To test array for NaN, use the numpy. isnan() method in Python Numpy. Returns True where x is NaN, false otherwise. This is a scalar if x is a scalar.
Using Numpy array, we can easily find whether specific values are present or not. For this purpose, we use the “in” operator. “in” operator is used to check whether certain element and values are present in a given sequence and hence return Boolean values 'True” and “False“.
Numpy isnan() function returns a Boolean array, which has the result if we pass the array and Boolean value true or false if we pass a scalar value according to the value passed.
If you are willing to use the pandas library, a handy function that cover this case is pd.isnull:
pandas.isnull(obj)
Detect missing values (NaN in numeric arrays, None/NaN in object arrays)
Here is an example:
$ python
>>> import numpy
>>> import pandas
>>> array = numpy.asarray(['a', float('nan')], dtype=object)
>>> pandas.isnull(array)
array([False, True])
You could just use a list comp to get the indexes of any nan's which may be faster in this case:
obj_arr = np.array([1, 2, np.nan, "A"], dtype=object)
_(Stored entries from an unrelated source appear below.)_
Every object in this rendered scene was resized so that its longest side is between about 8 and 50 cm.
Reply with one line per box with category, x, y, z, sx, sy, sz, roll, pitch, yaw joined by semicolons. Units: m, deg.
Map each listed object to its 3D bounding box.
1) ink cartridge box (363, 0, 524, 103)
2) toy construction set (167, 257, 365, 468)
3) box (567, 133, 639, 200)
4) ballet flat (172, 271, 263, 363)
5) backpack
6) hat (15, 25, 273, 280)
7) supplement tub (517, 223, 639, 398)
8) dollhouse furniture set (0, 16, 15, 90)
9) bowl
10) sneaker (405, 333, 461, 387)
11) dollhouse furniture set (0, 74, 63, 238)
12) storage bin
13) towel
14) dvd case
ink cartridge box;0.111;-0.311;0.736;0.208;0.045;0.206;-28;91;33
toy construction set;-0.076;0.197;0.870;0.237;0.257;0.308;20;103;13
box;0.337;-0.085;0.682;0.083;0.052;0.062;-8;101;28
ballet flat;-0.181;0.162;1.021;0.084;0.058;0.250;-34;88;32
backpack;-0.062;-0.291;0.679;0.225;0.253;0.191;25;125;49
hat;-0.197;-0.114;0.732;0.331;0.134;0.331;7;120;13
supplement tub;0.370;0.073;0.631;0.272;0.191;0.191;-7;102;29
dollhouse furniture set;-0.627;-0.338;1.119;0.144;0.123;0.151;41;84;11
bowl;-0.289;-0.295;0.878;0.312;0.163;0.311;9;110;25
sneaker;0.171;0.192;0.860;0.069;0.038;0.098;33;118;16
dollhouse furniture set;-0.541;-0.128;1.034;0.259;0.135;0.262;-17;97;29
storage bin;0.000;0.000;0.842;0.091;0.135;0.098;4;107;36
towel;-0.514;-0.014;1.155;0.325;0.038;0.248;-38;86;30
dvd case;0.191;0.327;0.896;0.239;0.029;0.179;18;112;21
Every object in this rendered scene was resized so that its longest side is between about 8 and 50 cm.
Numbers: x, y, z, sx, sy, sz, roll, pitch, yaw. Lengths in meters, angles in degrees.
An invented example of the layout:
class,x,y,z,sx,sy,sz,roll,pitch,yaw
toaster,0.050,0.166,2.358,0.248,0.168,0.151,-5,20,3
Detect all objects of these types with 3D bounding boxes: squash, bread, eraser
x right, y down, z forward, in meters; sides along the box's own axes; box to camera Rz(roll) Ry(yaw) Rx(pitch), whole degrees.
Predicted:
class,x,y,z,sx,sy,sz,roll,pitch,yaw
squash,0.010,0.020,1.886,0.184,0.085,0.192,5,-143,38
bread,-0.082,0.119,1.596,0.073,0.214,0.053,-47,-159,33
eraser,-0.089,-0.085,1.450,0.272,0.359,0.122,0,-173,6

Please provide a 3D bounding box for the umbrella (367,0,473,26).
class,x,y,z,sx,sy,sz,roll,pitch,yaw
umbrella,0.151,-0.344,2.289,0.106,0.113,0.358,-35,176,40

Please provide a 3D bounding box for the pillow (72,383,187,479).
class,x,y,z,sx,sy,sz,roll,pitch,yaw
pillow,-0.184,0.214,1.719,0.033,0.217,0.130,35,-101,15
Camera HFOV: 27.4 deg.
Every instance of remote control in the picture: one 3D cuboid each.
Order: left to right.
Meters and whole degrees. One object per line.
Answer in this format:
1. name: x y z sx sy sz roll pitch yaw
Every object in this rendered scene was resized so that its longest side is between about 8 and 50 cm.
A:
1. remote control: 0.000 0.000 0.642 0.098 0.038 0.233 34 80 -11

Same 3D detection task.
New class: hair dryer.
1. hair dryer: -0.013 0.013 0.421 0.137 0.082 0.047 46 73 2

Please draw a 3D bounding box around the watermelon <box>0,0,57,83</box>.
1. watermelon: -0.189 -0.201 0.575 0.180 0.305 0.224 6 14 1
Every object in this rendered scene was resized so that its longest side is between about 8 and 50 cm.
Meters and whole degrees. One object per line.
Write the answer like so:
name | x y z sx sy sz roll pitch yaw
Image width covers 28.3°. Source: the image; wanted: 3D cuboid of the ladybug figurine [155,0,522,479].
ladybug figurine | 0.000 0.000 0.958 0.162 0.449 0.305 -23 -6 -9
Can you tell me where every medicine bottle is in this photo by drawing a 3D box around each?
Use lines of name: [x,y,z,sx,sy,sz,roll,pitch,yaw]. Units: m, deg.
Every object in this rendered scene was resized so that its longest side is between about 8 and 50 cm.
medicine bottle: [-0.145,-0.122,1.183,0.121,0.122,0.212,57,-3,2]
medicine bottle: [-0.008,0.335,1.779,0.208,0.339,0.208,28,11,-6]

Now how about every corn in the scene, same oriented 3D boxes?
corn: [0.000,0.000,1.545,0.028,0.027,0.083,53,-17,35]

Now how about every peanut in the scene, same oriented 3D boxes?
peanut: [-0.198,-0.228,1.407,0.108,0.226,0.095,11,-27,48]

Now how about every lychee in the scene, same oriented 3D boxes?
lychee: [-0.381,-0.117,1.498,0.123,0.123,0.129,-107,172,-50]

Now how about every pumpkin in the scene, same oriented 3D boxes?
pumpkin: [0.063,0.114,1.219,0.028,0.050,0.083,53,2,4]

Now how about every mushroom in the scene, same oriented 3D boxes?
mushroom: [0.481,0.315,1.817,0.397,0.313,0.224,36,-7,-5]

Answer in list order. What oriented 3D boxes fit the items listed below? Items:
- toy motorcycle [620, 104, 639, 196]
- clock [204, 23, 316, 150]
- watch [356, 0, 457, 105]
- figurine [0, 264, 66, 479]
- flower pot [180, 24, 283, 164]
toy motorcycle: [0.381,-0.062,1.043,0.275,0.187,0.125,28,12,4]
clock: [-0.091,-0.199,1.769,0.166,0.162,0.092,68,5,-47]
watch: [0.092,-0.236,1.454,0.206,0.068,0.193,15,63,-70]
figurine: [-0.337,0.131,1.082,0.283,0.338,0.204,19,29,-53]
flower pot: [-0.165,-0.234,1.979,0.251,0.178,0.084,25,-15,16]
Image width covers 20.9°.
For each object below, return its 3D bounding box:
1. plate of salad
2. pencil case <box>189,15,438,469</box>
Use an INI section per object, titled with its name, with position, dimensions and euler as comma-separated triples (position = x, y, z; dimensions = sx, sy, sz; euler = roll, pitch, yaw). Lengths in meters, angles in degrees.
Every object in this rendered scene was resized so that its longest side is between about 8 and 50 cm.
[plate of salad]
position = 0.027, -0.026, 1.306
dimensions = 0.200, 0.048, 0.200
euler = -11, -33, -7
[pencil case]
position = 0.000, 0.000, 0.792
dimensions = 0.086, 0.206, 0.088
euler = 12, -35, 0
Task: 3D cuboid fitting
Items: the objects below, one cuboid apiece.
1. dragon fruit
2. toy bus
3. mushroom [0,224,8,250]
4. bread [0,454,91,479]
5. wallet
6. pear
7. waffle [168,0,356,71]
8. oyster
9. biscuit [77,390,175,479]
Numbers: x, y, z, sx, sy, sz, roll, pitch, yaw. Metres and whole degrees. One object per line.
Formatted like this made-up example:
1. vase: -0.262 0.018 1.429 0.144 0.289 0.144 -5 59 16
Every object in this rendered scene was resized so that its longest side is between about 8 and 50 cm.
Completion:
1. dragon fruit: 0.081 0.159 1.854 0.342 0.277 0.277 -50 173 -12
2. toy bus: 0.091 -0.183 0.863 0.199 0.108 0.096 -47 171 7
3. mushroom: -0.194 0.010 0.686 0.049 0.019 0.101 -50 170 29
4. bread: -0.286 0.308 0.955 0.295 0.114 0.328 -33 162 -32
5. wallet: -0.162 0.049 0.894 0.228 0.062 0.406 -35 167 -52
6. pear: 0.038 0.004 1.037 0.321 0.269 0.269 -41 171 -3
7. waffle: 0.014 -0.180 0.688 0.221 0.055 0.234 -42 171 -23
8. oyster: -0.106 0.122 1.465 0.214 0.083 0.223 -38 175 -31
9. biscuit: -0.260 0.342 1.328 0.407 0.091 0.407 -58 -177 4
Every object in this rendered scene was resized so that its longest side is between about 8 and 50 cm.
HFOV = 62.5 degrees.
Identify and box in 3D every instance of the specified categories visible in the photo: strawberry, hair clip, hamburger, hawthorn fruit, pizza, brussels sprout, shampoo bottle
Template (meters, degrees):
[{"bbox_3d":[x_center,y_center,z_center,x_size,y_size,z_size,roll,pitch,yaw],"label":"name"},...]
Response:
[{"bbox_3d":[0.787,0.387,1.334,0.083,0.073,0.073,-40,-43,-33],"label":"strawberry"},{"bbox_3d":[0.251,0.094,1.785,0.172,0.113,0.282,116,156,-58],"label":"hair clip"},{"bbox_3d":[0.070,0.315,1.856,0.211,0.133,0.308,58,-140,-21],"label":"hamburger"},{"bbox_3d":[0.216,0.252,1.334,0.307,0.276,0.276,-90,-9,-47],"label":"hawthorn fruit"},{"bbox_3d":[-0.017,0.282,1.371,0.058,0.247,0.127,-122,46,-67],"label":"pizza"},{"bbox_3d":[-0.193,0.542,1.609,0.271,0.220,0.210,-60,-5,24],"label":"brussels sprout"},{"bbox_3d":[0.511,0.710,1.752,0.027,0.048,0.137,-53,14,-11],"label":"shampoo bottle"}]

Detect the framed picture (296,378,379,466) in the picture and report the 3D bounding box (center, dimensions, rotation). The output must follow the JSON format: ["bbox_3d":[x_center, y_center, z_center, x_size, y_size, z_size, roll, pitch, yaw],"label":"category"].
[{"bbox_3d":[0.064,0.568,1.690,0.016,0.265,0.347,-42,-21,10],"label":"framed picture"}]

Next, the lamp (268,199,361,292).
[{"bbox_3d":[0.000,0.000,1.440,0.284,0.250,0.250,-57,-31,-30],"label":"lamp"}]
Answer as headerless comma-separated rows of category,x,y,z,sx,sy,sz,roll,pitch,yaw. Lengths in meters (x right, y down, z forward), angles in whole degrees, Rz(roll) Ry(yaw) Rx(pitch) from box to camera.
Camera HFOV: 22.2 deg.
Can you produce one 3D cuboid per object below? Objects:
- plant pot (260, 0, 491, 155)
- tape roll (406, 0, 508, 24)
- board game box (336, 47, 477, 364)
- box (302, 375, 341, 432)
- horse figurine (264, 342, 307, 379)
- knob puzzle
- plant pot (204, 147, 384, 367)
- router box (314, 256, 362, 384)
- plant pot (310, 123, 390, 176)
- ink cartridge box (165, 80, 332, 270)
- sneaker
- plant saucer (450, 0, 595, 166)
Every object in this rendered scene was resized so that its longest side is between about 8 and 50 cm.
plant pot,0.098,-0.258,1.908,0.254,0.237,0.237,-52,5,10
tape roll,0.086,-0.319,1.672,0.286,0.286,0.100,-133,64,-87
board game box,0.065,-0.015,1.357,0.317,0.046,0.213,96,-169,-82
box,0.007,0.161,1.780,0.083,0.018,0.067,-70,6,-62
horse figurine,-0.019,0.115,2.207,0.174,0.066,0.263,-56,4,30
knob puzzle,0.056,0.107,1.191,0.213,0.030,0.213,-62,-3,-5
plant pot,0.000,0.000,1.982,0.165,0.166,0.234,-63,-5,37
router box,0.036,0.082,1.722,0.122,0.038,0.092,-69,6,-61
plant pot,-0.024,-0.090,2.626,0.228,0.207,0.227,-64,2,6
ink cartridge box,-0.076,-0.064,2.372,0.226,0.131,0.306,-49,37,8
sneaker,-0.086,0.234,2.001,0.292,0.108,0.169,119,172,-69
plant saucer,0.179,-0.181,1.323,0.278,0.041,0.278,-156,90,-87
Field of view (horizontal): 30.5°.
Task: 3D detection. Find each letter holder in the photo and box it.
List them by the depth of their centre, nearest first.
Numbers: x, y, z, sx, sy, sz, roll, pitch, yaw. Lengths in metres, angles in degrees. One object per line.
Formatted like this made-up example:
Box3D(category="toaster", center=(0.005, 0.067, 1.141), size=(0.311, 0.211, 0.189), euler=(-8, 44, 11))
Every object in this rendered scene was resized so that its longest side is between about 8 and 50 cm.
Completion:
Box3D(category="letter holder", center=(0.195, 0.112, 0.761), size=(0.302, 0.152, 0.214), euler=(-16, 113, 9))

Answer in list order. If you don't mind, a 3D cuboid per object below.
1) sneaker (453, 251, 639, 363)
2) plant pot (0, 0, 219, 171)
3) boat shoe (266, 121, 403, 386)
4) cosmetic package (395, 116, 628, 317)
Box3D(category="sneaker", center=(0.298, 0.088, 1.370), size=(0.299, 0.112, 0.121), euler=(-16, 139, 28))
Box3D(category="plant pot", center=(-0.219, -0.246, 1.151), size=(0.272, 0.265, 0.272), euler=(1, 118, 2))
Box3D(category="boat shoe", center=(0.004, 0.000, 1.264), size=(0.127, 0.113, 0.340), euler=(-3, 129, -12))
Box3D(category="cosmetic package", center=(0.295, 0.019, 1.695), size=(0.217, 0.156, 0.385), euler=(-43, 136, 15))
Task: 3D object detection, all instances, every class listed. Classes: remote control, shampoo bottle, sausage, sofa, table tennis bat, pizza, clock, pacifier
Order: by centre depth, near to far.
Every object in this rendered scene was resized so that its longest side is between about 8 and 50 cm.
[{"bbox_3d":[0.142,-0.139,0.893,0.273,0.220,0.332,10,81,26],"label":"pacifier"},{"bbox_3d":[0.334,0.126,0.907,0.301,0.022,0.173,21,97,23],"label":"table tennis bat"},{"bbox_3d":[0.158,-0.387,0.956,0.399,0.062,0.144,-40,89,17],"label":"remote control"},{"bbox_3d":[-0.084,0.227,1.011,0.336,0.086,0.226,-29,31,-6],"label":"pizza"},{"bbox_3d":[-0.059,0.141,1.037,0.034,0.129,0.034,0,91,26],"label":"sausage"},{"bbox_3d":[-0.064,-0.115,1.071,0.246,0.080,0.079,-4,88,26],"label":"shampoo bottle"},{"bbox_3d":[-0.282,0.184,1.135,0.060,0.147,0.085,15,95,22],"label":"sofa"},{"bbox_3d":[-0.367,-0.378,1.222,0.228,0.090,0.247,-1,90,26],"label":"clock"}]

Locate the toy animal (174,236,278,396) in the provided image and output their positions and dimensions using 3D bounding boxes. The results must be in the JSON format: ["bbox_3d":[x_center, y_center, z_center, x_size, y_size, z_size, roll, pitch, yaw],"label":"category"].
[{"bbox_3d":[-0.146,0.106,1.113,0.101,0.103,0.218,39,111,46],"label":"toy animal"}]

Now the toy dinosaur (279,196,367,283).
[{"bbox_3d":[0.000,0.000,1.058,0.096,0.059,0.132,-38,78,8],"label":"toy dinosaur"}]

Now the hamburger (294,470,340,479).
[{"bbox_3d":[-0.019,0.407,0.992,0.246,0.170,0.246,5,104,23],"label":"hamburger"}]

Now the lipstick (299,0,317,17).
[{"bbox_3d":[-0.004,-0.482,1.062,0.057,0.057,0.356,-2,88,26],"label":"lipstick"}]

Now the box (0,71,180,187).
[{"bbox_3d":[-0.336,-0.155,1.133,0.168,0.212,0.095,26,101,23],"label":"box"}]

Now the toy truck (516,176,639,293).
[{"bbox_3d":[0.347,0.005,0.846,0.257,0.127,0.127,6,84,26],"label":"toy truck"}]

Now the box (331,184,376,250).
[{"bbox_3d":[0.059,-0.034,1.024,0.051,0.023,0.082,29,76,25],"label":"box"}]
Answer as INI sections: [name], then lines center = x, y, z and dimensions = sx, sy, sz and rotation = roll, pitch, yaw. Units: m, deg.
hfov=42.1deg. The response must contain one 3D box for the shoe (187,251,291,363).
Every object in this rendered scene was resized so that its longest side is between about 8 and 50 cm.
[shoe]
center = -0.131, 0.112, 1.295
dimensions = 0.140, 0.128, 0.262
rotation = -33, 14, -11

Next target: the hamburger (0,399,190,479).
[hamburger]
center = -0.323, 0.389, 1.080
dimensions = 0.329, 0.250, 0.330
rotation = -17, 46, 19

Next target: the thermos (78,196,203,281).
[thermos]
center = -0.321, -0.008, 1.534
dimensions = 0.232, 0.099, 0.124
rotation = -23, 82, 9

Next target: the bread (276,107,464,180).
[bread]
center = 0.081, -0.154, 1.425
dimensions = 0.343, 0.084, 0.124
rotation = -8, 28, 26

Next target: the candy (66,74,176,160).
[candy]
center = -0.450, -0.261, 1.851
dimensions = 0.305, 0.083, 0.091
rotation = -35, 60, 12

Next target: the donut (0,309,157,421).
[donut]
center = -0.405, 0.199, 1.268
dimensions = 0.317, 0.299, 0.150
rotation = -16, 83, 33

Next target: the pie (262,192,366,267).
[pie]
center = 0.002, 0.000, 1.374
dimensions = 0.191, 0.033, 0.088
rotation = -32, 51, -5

inds = [i for i,n in enumerate(obj_arr) if str(n) == "nan"]
Or if you want a boolean mask:
mask = [True if str(n) == "nan" else False for n in obj_arr]
Using is np.nan
also seems to work without needing to cast to str:
In [29]: obj_arr = np.array([1, 2, np.nan, "A"], dtype=object)
In [30]: [x is np.nan for x in obj_arr]
Out[30]: [False, False, True, False]
For flat and multidimensional arrays you could check the shape:
def masks(a):
if len(a.shape) > 1:
return [[x is np.nan for x in sub] for sub in a]
return [x is np.nan for x in a]
If is np.nan can fail maybe check the type then us np.isnan
def masks(a):
if len(a.shape) > 1:
return [[isinstance(x, float) and np.isnan(x) for x in sub] for sub in arr]
return [isinstance(x, float) and np.isnan(x) for x in arr]
Interestingly x is np.nan
seems to work fine when the data type is object:
In [76]: arr = np.array([np.nan,np.nan,"3"],dtype=object)
In [77]: [x is np.nan for x in arr]
Out[77]: [True, True, False]
In [78]: arr = np.array([np.nan,np.nan,"3"])
In [79]: [x is np.nan for x in arr]
Out[79]: [False, False, False]
depending on the dtype different things happen:
In [90]: arr = np.array([np.nan,np.nan,"3"])
In [91]: arr.dtype
Out[91]: dtype('S32')
In [92]: arr
Out[92]:
array(['nan', 'nan', '3'],
dtype='|S32')
In [93]: [x == "nan" for x in arr]
Out[93]: [True, True, False]
In [94]: arr = np.array([np.nan,np.nan,"3"],dtype=object)
In [95]: arr.dtype
Out[95]: dtype('O')
In [96]: arr
Out[96]: array([nan, nan, '3'], dtype=object)
In [97]: [x == "nan" for x in arr]
Out[97]: [False, False, False]
Obviously the nan's get coerced to numpy.string_'s
when you have strings in your array so x == "nan"
works in that case, when you pass object the type is float so if you are always using object dtype then the behaviour should be consistent.